Many invest when past returns have been high, not realising that at that juncture, it’s the risk that’s high, not return potential. Good investors look for reasons for outperformance or high performance, understand the investment framework, question whether the cycle will turn and then take an investment decision.

Respect Variables

Investors like high conviction-advice from ‘experts’ that the Nifty will cross 15,000; or that ten-year bond yields will drop to 5 percent. Some will not only forward these messages to friends but also invest money, based on such overconfidence. Instead, track how past predictions, made with ‘confidence’, have under-performed.

Investing and economics are not like math or physics, which are fields of exact science, that run on a defined formula. In investing, there are many moving parts and non-stationary data. Research results in part-information, which is sometimes imperfect.

Markets are like a wheel with many spokes. We don’t know which single spoke is keeping the wheel intact. 

Coupled with these challenges, there are many uncertainties that are impossible to factor in any model. What Donald Trump will tweet next on the trade war is difficult to predict.

Opinion
To Be A Good Investor, Respect Market Cycles

A Small Overconfidence Test

How many movies has Amitabh Bachchan acted in? How many runs has Sachin Tendulkar scored in one-day internationals and test matches combined?

You need to be correct in your answer and you have the choice of giving one number, or a range. Most of us still try to give precise answers, like 400 movies or 20,000 runs, and fall way off the mark. Very few will give a safe range – like 100 to 1,000 movies for Big B; and 1,000 to 60,000 runs for Sachin. Well, Bachchan has acted in 239 movies and Tendulkar has scored 34,347 test and ODI runs.

Would you have given a wide range to ensure you are broadly right or tried for a finite number and been precisely wrong? 

How To Resist The Temptation Of Being Overconfident With Money

First, let’s acknowledge that being a good engineer or a doctor or lawyer or data scientist or teacher doesn’t guarantee us a ticket to be amongst the best investors. Start with this acknowledgment and search for a good expert to help you with investment decisions.

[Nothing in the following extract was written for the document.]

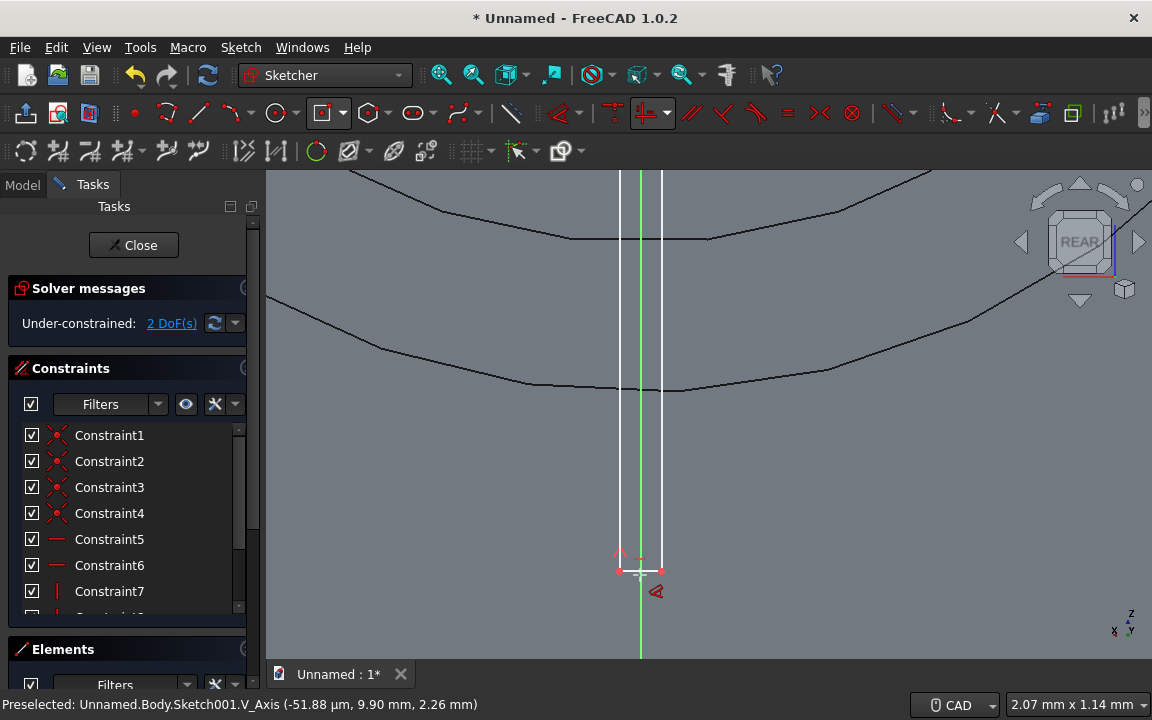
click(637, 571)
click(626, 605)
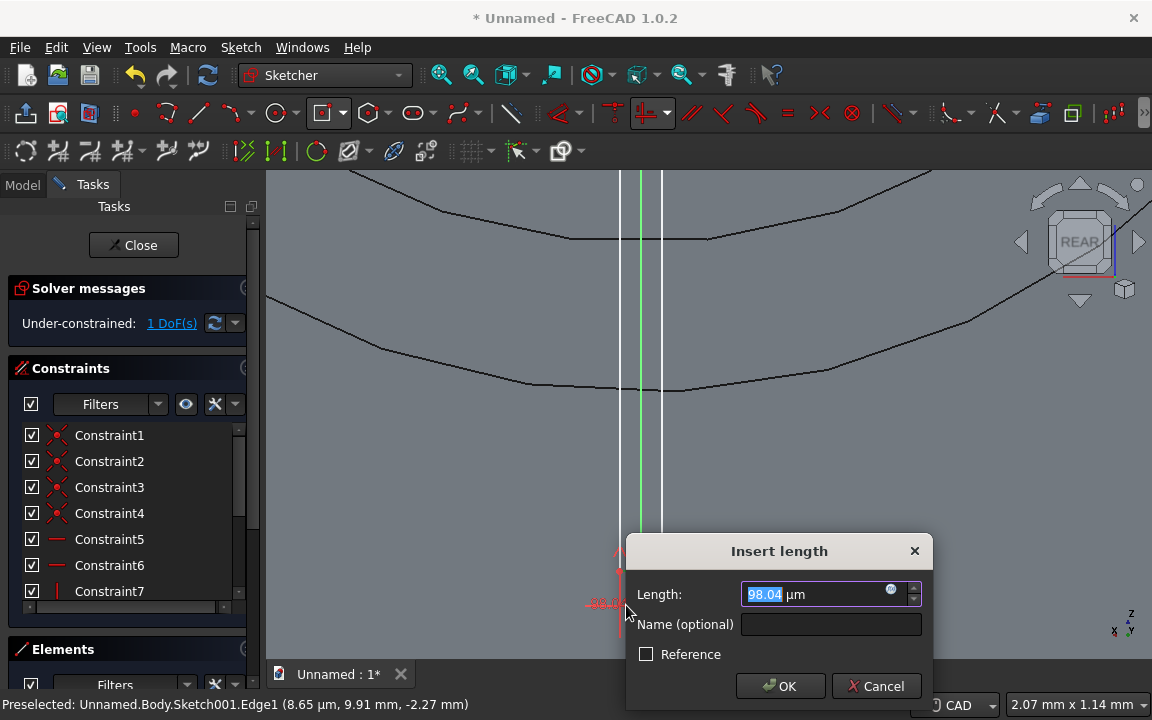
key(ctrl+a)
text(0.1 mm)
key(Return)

I keep repeating this input of seeking advice, as investing is a serious business and good advice can go a long way in curbing our behavioural errors and coaching us to become better investors, over time.

Second, while forming confident views of the future, also evaluate what can go wrong if the view doesn’t play out. What can the downside be?

Doubt extreme views and exaggerated returns.

For example, when the return-on-equity of Indian companies varies from 10 percent to 20 percent across cycles, and you are promised 20-25 percent returns on the basis of just the last three years, be skeptical. When interest rates average 8 percent in India, and you expect to earn 10 percent in bond funds just because last year was 12, raise doubts.

Wise, good advisors and money managers will never be overconfident. They are more often in doubt, constantly thinking about what can go wrong as much as what will work out fine. They will always have answers in a range with probabilities of various good and bad returns. They will prepare you for some pain, rather than pull you to invest on the basis of guaranteed results.

If you have formed a view of investing based on a hypothesis, do also speak to a few others who have an opposite view. This will help you get a balanced perspective for decision-making and avoid losses due to a one-sided, overconfident view.

Last, learn from history. Read more about what failed in investing and why. Be objective, rational, evidence-based. Become an above-average investor by being less overconfident.

Kalpen Parekh is President at DSP Investment Managers.

The views expressed here are those of the author, and do not necessarily represent the views of BloombergQuint or its Editorial team.